YOUR INSTRUCTIONS –
With the line containing "Answer in list order. Answer" as the start and the line containing "2. board game box [0, 50, 293, 327]" as the end, transcribe that span of the entries below exactly, including both.

SUPPLIED RECORDS –
= = = = = = =

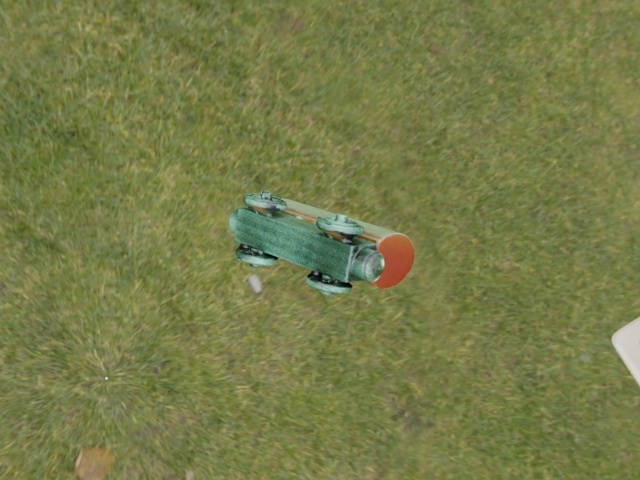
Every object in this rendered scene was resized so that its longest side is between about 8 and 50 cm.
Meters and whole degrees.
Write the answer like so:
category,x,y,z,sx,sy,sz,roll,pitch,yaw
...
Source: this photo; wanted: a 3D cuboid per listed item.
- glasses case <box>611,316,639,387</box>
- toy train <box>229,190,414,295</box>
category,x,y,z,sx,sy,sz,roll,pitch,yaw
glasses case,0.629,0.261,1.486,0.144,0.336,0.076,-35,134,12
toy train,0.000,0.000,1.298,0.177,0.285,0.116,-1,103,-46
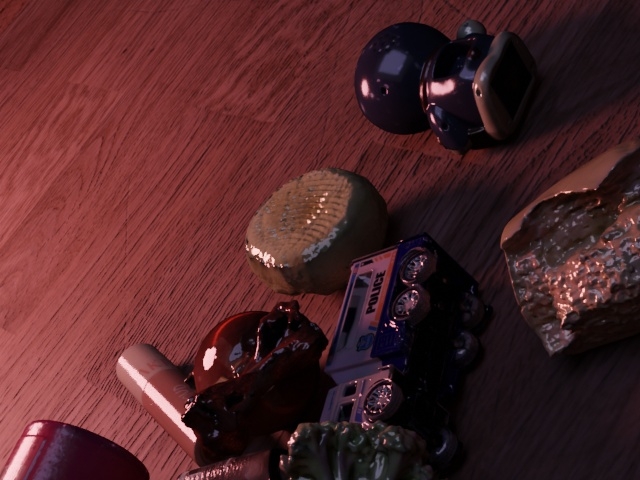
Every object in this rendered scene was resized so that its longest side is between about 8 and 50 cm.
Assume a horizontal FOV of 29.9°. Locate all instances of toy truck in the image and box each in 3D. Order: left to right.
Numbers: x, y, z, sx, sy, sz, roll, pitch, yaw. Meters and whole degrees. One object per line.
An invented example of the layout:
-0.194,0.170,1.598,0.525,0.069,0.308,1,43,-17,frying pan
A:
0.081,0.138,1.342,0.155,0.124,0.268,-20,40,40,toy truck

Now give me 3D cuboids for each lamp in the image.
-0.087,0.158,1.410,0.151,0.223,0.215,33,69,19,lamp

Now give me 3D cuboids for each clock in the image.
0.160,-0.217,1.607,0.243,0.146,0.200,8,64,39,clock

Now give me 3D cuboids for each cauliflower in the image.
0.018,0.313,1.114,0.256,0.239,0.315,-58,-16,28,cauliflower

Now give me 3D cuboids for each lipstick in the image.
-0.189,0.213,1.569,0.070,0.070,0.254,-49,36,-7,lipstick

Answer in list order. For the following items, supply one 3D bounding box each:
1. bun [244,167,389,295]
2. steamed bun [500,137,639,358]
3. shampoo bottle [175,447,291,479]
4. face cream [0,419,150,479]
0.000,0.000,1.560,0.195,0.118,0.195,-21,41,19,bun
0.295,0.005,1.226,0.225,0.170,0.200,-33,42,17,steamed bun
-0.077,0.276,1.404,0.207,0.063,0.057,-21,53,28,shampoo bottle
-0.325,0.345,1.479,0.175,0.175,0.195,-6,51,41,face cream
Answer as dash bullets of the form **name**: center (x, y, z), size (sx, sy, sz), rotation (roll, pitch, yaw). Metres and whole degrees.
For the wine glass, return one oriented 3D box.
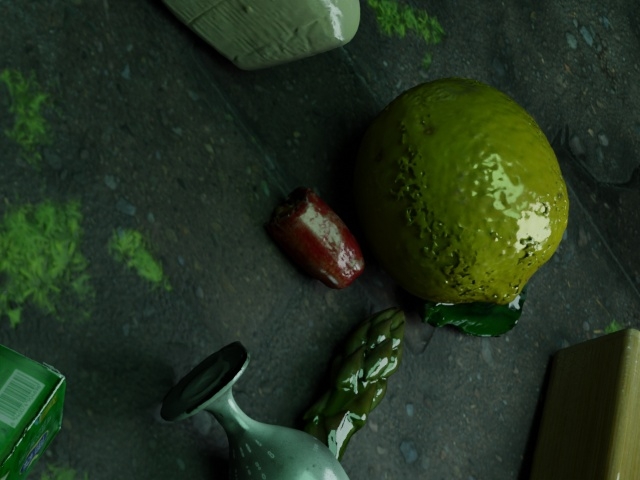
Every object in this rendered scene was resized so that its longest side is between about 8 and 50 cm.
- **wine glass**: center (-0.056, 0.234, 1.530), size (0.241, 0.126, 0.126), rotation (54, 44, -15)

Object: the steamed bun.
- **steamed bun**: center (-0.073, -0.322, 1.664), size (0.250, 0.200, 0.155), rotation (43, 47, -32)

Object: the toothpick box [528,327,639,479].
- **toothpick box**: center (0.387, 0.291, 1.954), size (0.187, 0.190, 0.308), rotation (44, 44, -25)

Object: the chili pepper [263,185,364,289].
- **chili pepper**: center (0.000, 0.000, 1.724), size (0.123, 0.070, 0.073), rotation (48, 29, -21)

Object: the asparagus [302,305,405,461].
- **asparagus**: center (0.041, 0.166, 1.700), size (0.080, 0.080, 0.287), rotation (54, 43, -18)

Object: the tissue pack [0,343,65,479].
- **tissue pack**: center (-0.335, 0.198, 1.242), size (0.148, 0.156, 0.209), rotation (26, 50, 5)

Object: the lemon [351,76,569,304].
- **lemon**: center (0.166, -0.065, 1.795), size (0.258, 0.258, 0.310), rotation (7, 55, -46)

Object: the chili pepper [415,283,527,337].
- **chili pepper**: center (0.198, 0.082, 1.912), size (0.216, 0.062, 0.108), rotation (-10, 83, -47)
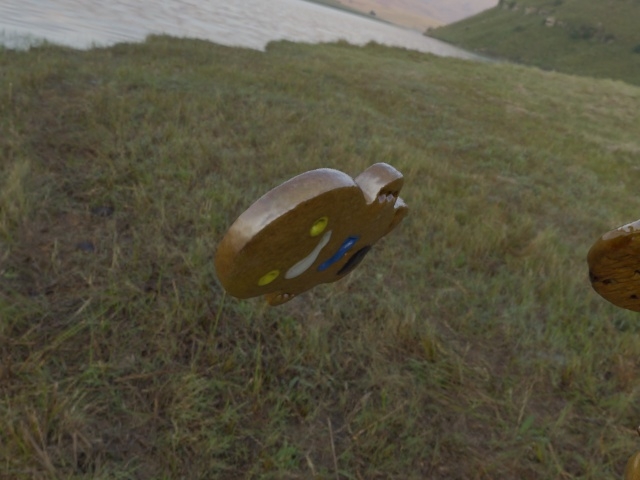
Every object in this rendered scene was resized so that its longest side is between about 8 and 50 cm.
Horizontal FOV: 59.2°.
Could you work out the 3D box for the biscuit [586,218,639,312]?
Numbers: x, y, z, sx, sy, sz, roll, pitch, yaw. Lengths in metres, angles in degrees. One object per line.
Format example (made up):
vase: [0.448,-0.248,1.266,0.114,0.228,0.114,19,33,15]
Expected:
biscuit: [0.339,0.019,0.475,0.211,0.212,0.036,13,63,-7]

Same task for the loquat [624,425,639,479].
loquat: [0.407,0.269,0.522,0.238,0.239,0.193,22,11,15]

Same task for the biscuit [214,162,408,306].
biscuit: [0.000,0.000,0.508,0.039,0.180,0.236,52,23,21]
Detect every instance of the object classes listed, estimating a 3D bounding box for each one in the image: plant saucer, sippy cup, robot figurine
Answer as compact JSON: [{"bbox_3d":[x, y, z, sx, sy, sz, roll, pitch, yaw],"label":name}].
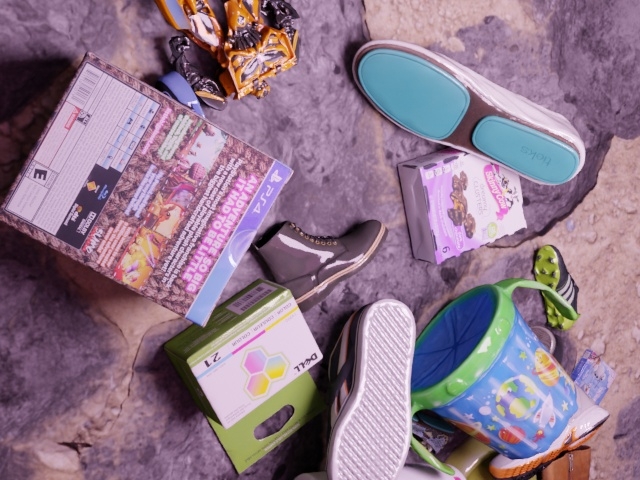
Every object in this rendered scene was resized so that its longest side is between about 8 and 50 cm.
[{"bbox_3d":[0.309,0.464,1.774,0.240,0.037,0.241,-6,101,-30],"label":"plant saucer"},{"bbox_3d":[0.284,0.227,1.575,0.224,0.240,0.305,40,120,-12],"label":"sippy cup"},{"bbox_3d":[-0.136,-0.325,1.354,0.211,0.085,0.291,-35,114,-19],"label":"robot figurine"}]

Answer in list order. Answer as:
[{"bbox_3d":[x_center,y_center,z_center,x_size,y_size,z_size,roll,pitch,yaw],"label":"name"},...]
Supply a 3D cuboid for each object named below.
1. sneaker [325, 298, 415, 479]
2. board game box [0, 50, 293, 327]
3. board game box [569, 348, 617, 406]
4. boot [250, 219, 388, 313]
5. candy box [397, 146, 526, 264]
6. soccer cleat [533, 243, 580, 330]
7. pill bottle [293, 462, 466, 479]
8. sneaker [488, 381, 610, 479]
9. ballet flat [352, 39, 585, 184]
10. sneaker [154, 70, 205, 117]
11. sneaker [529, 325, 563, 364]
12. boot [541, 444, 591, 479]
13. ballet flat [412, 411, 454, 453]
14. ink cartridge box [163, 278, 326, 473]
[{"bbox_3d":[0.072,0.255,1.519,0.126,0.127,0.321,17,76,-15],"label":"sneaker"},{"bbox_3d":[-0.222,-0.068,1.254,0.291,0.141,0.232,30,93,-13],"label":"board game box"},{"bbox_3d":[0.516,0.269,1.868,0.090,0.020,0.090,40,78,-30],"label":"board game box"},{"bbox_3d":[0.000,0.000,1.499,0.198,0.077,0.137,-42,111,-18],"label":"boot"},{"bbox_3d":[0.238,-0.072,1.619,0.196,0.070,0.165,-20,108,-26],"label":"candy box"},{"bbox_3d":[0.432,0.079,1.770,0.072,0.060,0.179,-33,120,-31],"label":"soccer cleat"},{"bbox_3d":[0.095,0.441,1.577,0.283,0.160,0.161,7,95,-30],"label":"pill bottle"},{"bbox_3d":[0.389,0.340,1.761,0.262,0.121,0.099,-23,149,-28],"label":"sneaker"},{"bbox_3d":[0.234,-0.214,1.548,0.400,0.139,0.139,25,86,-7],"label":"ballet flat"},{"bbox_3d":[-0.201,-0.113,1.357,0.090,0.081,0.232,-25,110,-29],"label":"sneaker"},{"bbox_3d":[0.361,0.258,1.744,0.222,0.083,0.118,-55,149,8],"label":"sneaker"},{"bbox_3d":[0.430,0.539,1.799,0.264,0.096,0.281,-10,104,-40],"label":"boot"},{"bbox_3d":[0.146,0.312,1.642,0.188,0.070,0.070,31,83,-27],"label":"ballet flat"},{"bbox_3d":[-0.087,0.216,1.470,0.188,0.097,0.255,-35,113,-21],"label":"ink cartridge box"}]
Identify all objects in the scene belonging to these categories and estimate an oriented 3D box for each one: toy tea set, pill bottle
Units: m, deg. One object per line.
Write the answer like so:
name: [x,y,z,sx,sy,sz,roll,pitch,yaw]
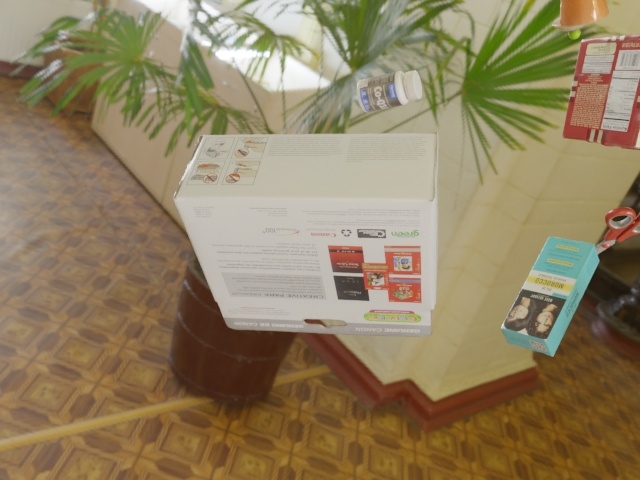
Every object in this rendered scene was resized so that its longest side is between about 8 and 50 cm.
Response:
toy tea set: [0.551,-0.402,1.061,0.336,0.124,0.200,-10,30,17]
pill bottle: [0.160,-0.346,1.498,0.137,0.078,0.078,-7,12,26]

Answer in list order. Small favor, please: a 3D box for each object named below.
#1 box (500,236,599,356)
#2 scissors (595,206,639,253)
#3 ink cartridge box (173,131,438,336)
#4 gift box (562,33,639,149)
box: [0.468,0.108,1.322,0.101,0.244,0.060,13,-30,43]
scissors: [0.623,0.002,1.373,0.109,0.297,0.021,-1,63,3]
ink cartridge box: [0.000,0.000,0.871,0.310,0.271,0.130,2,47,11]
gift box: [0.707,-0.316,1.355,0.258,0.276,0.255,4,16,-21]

= = = = = = =

YOUR RESPONSE –
Answer in list order. Answer as:
[{"bbox_3d":[x_center,y_center,z_center,x_size,y_size,z_size,roll,pitch,yaw],"label":"name"},...]
Supply a 3D cuboid for each object named below.
1. sneaker [325, 298, 415, 479]
2. board game box [0, 50, 293, 327]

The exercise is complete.